A jar of peanut butter a day [EXPERIMENT] – Timeline

This is the story of my experiment with eating a jar of peanut butter a day.

July 19 – Prep

As I was eating a spoon of peanut butter, I started thinking seriously about trying a jar of peanut butter a day challenge. Originally, I figured I’d kick it off on the first of July. Then I realized that trying to continue this all the way through the end of July might conflict with some of my other plans. I knew I needed to start sooner.

July 25 – Start

During the day, I got this sudden urge to workout. I already had a fresh jar of peanut butter handy, so I decided I might as well begin.

I took some pictures, forgetting a few crucial poses. I didn’t weigh myself. I didn’t measure anything. I just went for it.

It would have been nice to look back and see how much weight I actually gained, but really weight doesn’t matter. It’s all about proportions.

June 26 – Doubt

I only made it to the second day before I considered giving up. I struggled with the stickiness. I didn’t know how to get the peanut butter down.

It didn’t help that during those first few days, I underestimated how much peanut butter I needed to eat during the day to finish by the evening. This meant I had to stay up late trying to down spoon after spoon of peanut butter. Not a nice way to end the day.

July 5 – Struggle

Try eating a jar of peanut butter in one hour. The sickening distaste and bloat from the peanut butter is similar to what I felt through most of this experiment, day in and day out.

Until the second week, that’s when the difficulty peaked. The first time I wanted to quit, on June 26, it was because I was worried I wouldn’t be able to finish the experiment. This time, I was just worried I wouldn’t be able to last another day.

I got sick, of the taste, of the salt, of the stickiness. My body couldn’t handle it anymore. There was no way I could finish my jar for the day. My stomach couldn’t keep it down. And I was shot mentally too.

I quit for the day, almost for the month.

July 7 – Epiphany

I struggled until I realized that one of the reasons I was having so much extra trouble was because I was transferring the peanut butter from jar to jar. I didn’t want to lug around a full jar each day, so I would scoop half a full jar into an empty jar and carry that around.

Transferring the peanut butter, though, changed its consistency. Right out of the jar, it stayed fairly solid. After a transfer, the peanut butter turned extra sticky. That extra stickiness made it extra hard to get down, which affected my taste buds and then my stomach and then my whole outlook on the experiment.
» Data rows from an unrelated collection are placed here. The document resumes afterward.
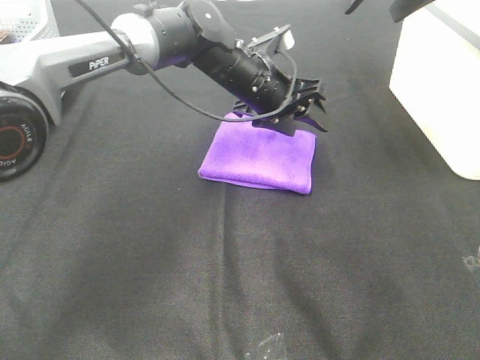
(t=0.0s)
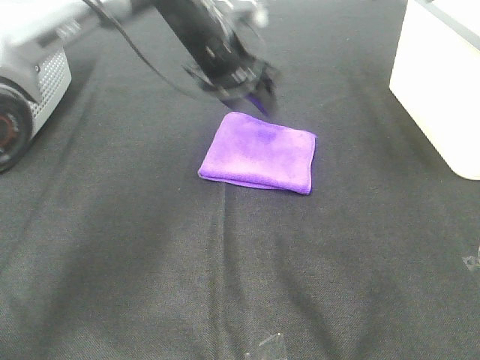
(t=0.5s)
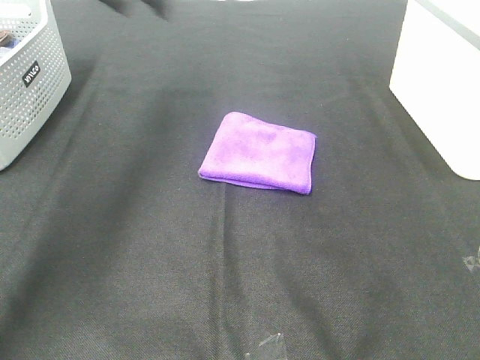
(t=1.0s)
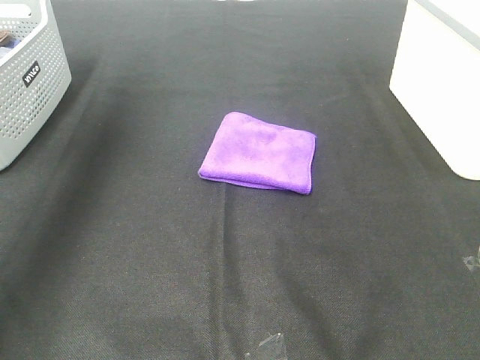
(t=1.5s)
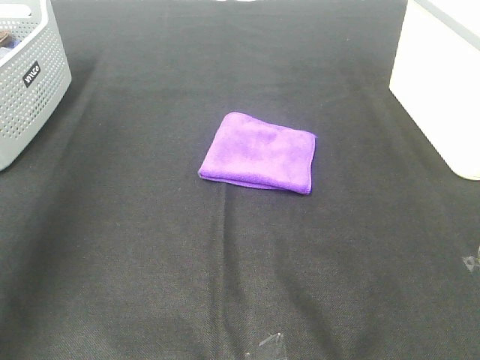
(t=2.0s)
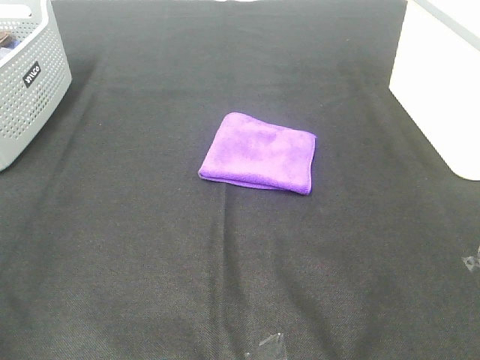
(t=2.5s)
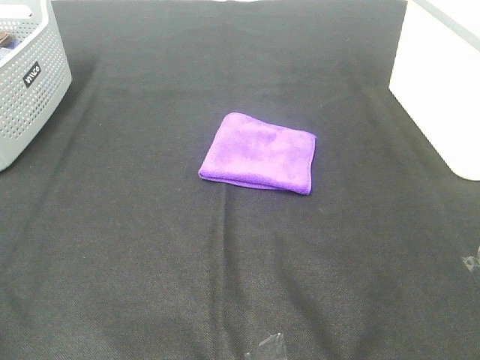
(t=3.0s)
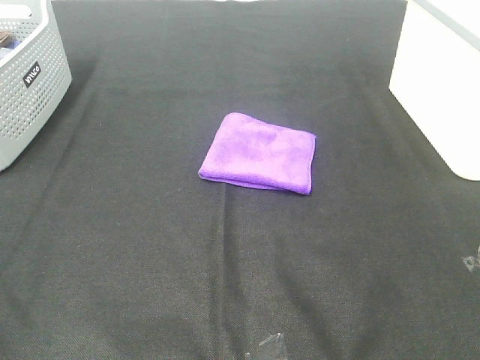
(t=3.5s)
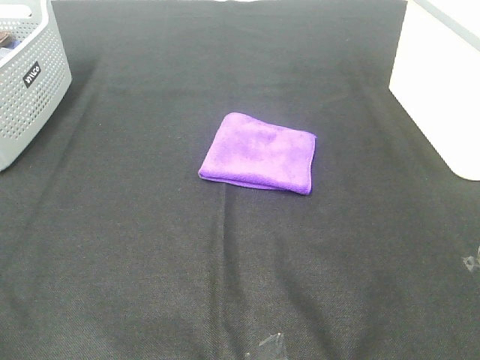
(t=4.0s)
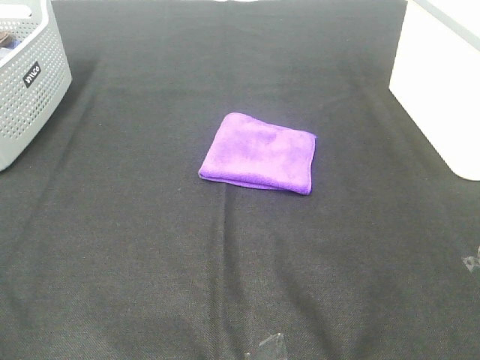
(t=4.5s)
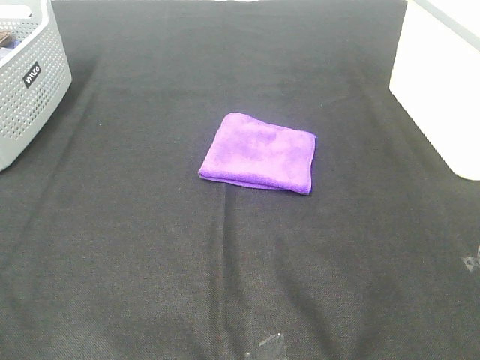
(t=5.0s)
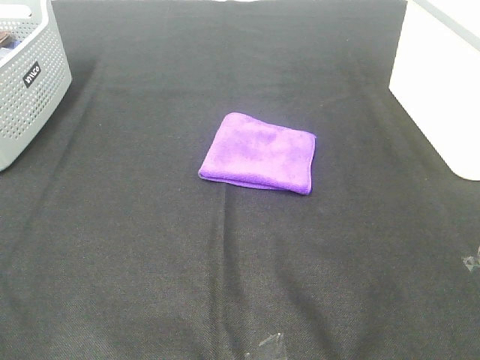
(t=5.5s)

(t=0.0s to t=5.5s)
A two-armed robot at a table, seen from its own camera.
Task of the whole recording: Fold towels.
t=0.0s - t=2.0s: The right gripper goes some 30 cm backward. Meanwhile the left gripper moves to the left, backward and upward, approximately 50 cm.
t=2.0s - t=3.5s: The left gripper moves backward and downward, roughly 25 cm.

Once I fixed that one problem, the jars became more manageable.

July 19 – Churn

There comes a point with any difficult experiment, any endurance challenge, where you’ve worked out all the kinks you’re going to work out. You’ve become as efficient as you’re going to get. It’s just a matter of putting your head down and kicking it out.
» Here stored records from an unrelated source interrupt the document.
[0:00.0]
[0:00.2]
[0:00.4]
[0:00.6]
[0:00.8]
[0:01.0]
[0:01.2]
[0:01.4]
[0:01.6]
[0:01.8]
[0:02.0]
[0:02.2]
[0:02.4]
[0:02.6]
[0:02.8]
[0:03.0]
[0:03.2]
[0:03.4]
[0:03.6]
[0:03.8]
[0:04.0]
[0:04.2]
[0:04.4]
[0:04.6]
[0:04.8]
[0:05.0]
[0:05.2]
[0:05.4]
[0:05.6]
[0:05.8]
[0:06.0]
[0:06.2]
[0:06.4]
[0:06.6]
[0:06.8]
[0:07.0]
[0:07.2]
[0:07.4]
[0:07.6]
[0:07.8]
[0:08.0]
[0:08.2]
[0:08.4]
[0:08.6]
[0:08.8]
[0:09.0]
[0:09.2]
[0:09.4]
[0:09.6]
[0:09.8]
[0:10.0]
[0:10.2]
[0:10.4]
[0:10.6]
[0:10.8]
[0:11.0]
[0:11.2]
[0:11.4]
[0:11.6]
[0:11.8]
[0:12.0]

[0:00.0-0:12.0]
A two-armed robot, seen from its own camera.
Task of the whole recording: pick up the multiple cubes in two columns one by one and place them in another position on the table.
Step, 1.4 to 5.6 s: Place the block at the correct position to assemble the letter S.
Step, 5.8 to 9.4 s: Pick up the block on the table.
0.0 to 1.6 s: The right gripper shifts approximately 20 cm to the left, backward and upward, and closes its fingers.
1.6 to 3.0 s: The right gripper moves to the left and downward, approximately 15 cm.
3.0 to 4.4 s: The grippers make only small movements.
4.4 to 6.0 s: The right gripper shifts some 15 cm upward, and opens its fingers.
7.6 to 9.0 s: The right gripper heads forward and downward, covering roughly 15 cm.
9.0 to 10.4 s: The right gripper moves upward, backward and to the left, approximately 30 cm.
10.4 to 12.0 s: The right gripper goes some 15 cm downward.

That’s where I was July 19. I’d found the rhythm. I knew how many scoops of peanut butter I needed to eat during the day in order to finish by the evening. I knew how to drink enough water along with it so I wouldn’t make up in the middle of the night feeling dehydrated.

It’s a good place to be. But it’s still hard, like the end of any marathon.

July 25 – Finish

I cheated slightly at the end. I had an off day scheduled for Sunday, but since I’d missed a day in the middle of one of the weeks, I didn’t really deserve the off day. I took it anyway, but I stretched it out.

Over the last three days, I just finished off my last two jars of peanut butter. Really, by the time I got to only three jars left, my usual allotment for a week, I pretty much just figured I’d quit when I finished those three jars.

Turns out, it ended on the last day anyway, exactly 31 days after I started.

All I can say is, if you’re going to try this, psych up for that second or third day and get ready to hit a wall two weeks in. Unless you’re a die-hard purest, there’s nothing wrong with taking a break for a day. Just don’t take two in a row. It’s way too hard to recover after that.

Otherwise, enjoy your peanut butter.